14 de janeiro de 2014
Andersen Ballão Advocacia


Validade de cláusula de não concorrência

Para proteger seus interesses, algumas empresas incluem uma cláusula específica

Validade de clausula

Para proteger seus interesses, algumas empresas incluem uma cláusula específica nos contratos de trabalho de profissionais que ocupam cargos estratégicos. É a chamada cláusula de não concorrência. Ela exige que o empregado comprometa-se a não prestar serviços para empresas concorrentes por determinado período de tempo após o seu desligamento. Como não há lei no Brasil que trate expressamente sobre o assunto, certas medidas contratuais são fundamentais para a aceitação desta pactuação na Justiça do Trabalho.

O artigo 444 da Consolidação das Leis do Trabalho (CLT) garante que as relações de trabalho podem ser estipuladas por meio de acordos entre as partes. Tal norma torna válida a cláusula de não concorrência mesmo sem lei específica para sustentá-la. A doutrina e a jurisprudência entendem que é possível, mas, para tanto, é preciso que sejam observadas algumas premissas que garantam a sua eficácia.

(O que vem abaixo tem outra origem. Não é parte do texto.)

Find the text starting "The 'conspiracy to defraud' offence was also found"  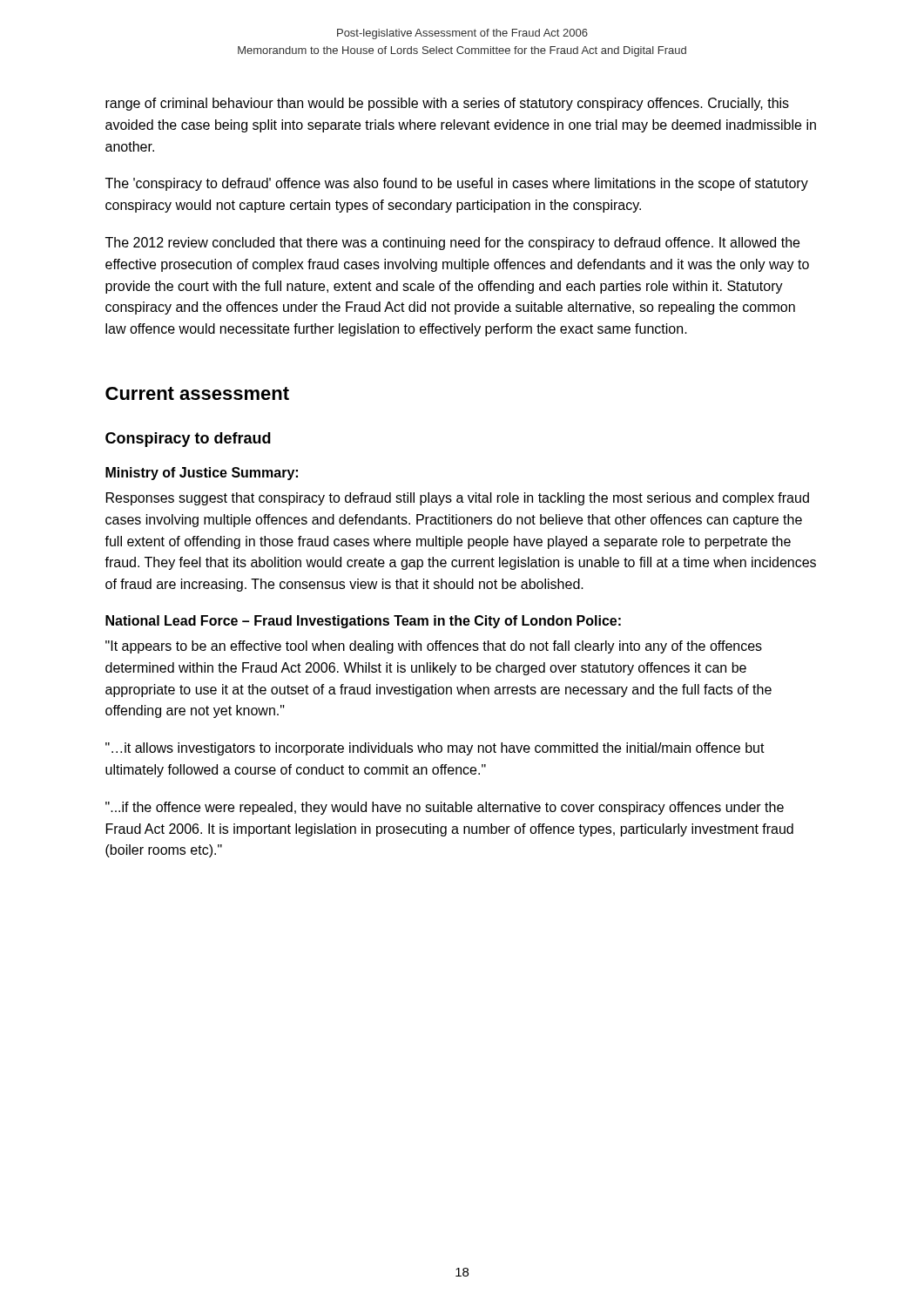[456, 195]
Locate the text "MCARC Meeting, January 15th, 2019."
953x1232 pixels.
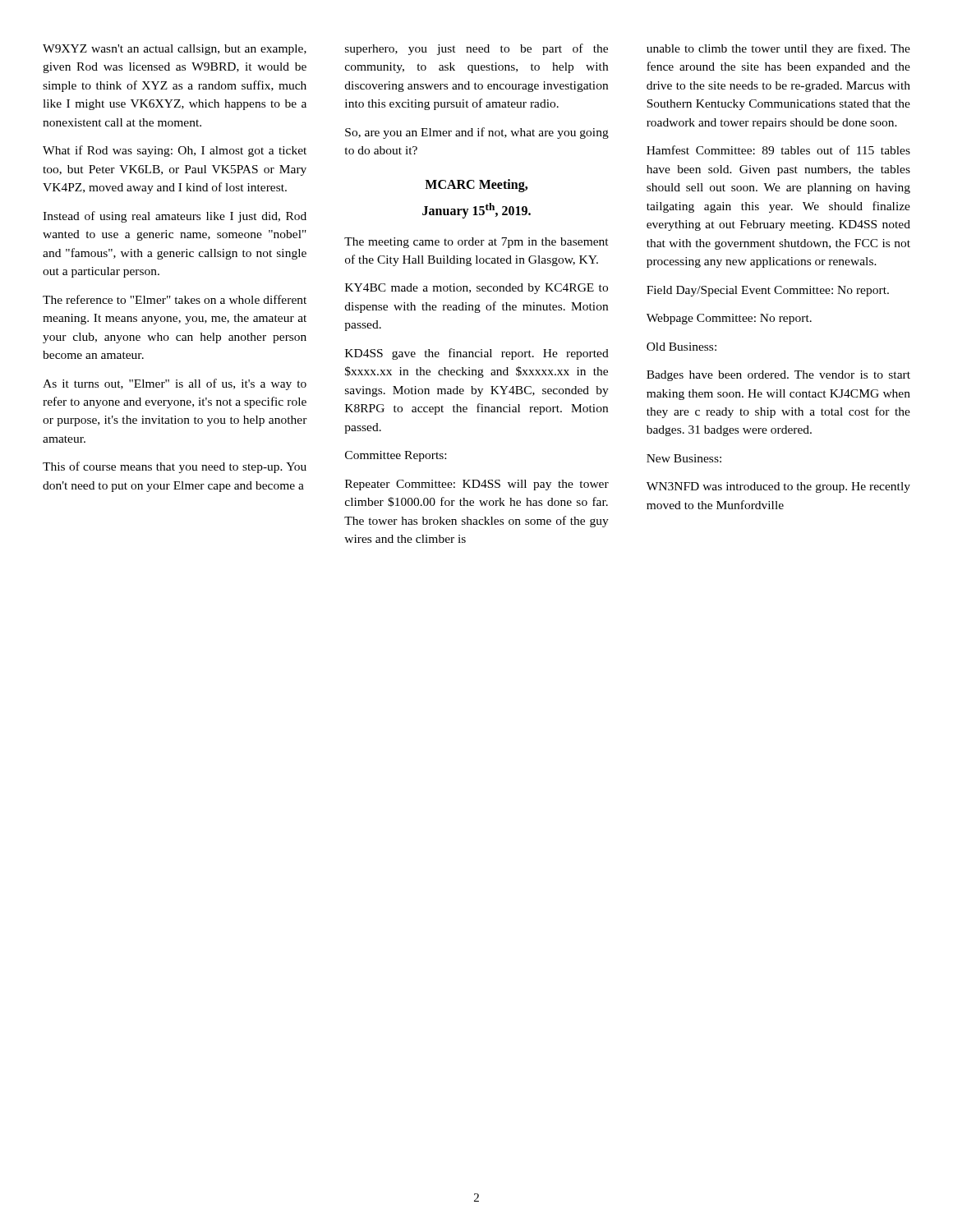click(x=476, y=198)
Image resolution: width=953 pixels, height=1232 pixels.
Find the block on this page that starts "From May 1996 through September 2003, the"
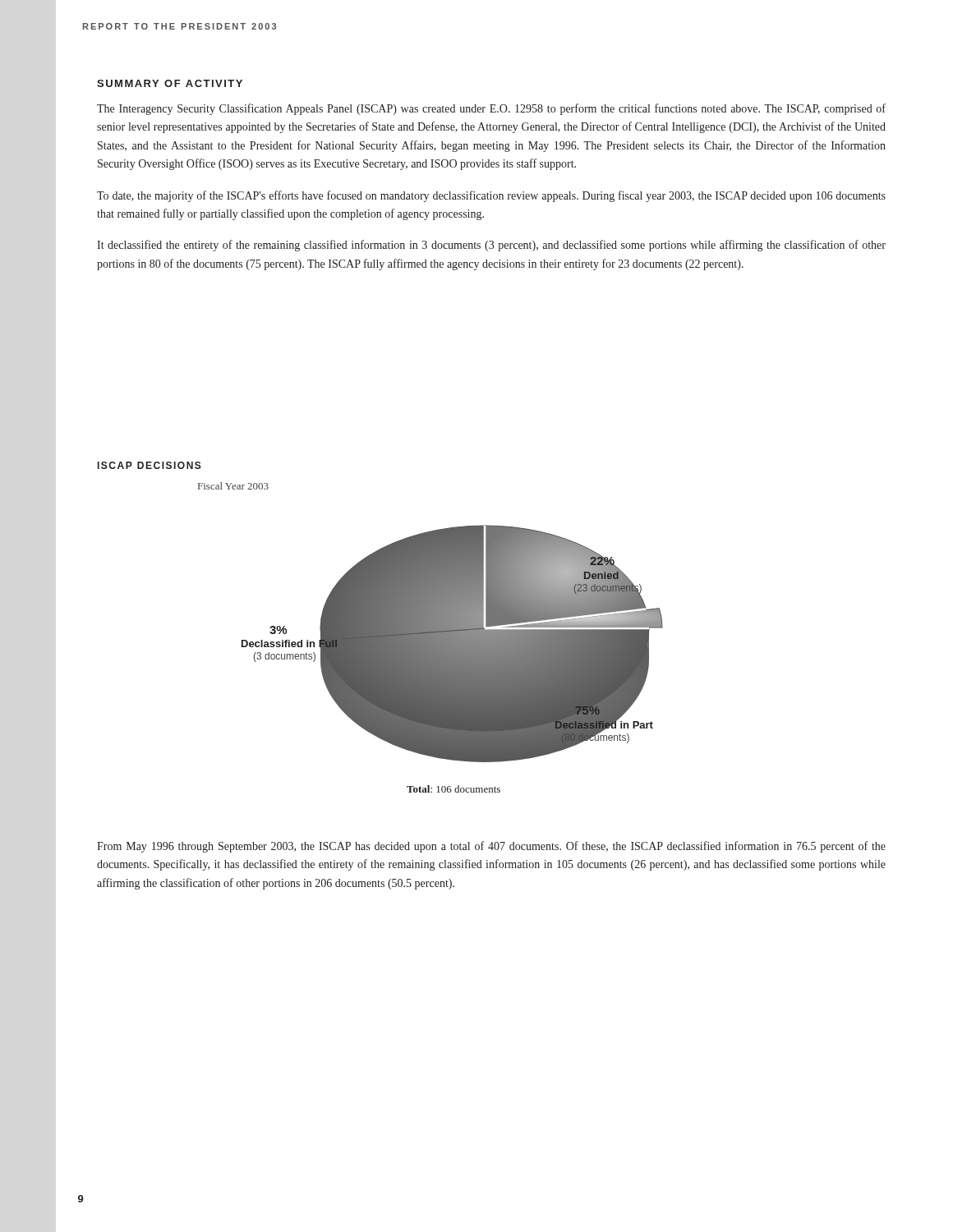click(x=491, y=865)
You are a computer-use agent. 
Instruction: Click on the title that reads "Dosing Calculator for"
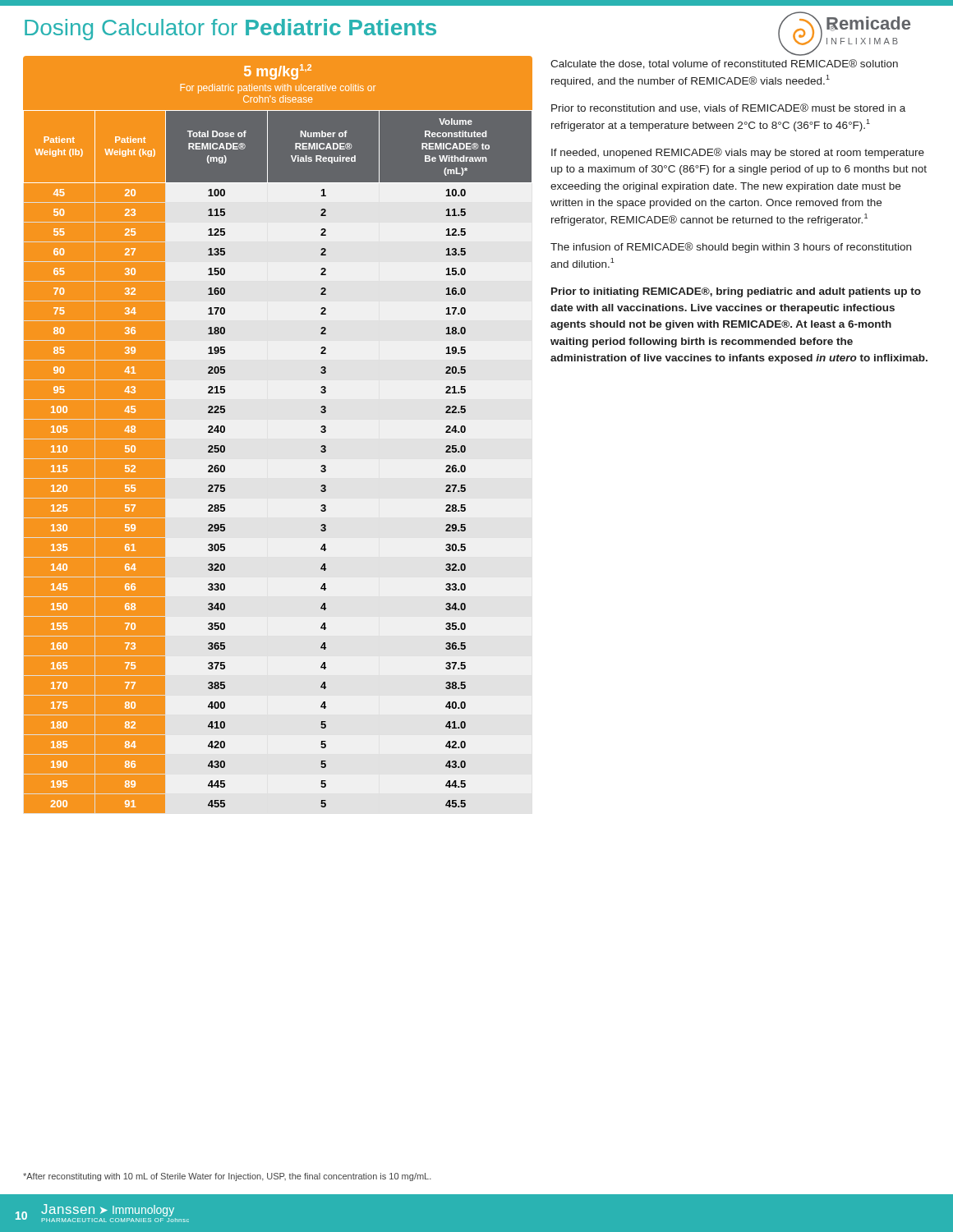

Entre os critérios que tornam a cláusula de não concorrência mais próxima da aceitação pela Justiça do Trabalho, estão o ajuste por escrito e a delimitação temporal e geográfica da abstenção de prestação de serviços pelo empregado. É fundamental definir por quanto tempo o profissional deve ficar sem prestar serviço para a concorrência após o desligamento e em que espaço geográfico isso deve se dar, ou seja, se a restrição é específica para serviços no Brasil, por exemplo. O habitual é que se defina um período de seis a 24 meses para a vigência da restrição.

Questões de remuneração também devem ser atentadas nas cláusulas de não concorrência. A doutrina e a jurisprudência entendem que, no período em que o profissional vai se abster de prestar serviços à concorrência, deverá, obrigatoriamente, ser remunerado pelo antigo empregador. O valor dessa remuneração também deve ser definido no contrato e pode ser o mesmo do salário, apenas uma porcentagem ou até um valor superior ao percebido mensalmente no curso do contrato de trabalho.

Para concluir, reforço a importância de que, nos contratos de trabalho que apresentem a citada cláusula, seja incluída uma definição clara do que é concorrência para o empregador. Se todos esses parâmetros forem observados com cautela, se torna muito mais provável a manutenção da cláusula pela Justiça do Trabalho em caso de eventual litígio.